Exercise prompt:
Locate each line of the material that contains "below", then return it.

***** Data records *****

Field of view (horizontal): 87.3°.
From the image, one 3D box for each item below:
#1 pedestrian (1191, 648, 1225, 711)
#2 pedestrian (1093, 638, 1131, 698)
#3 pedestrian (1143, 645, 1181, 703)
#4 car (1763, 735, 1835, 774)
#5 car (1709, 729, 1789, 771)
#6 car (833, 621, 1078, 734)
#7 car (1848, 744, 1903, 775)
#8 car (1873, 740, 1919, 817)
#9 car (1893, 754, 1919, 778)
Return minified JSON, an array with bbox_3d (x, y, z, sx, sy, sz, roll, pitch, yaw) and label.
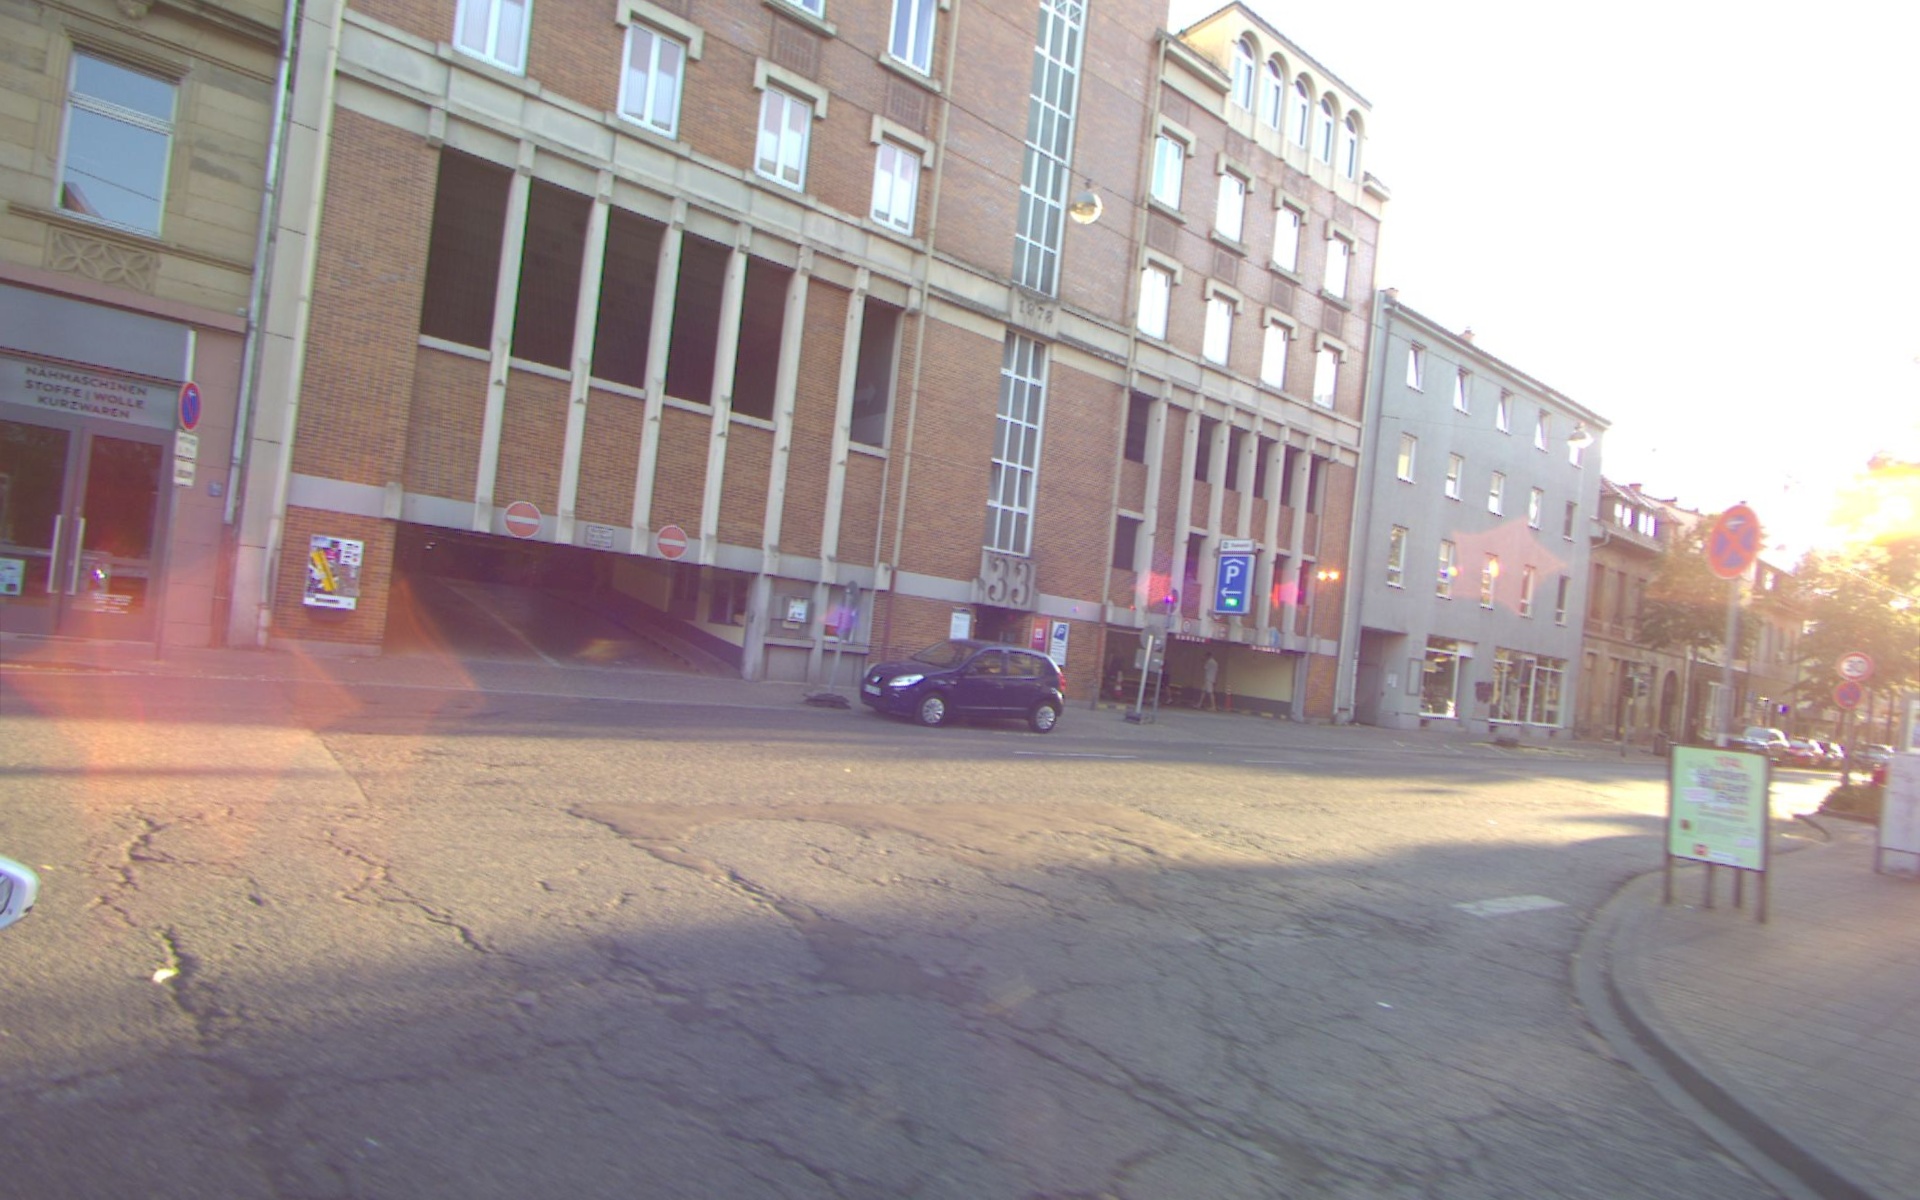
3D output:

*****
***** Data records *****

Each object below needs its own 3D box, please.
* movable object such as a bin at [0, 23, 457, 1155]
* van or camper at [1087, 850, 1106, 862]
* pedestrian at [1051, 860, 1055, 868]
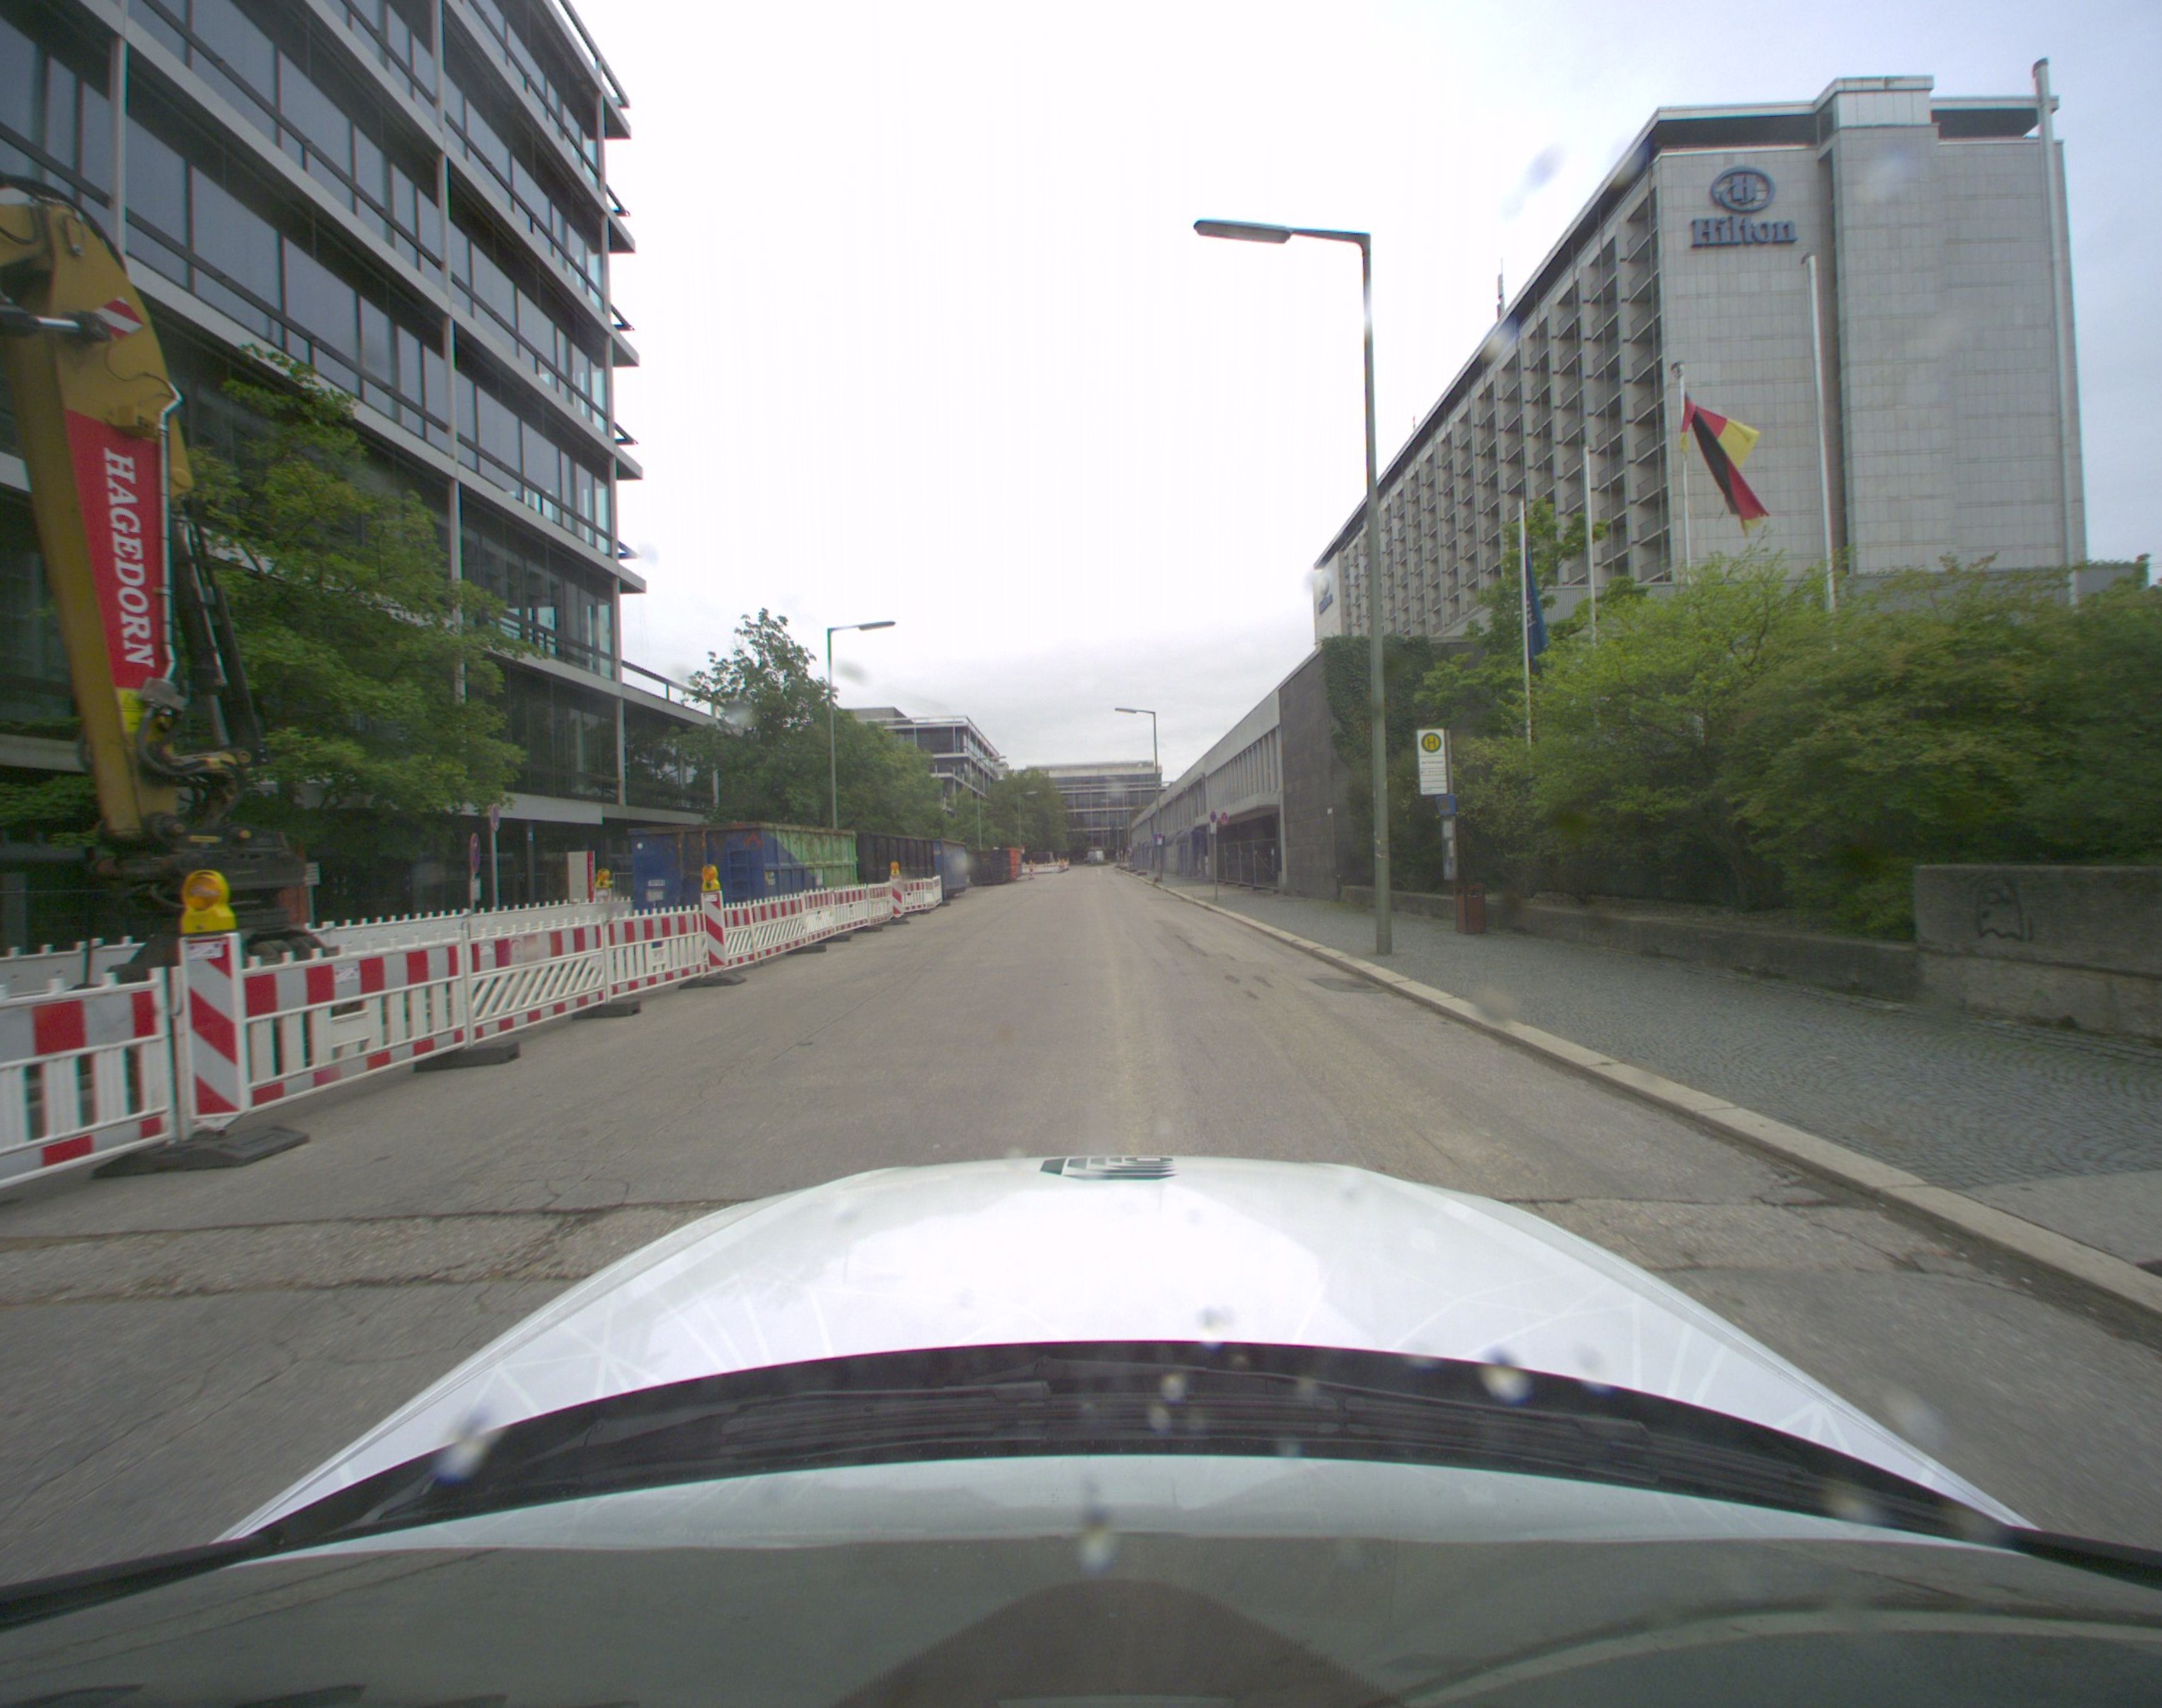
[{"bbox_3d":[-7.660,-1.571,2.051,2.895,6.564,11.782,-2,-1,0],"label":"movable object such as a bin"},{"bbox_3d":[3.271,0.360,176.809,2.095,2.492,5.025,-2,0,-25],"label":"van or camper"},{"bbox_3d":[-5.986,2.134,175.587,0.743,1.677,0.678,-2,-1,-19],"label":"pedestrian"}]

*****

Solution for this task:
From the image, one 3D box for each item below:
Each object below needs its own 3D box, please.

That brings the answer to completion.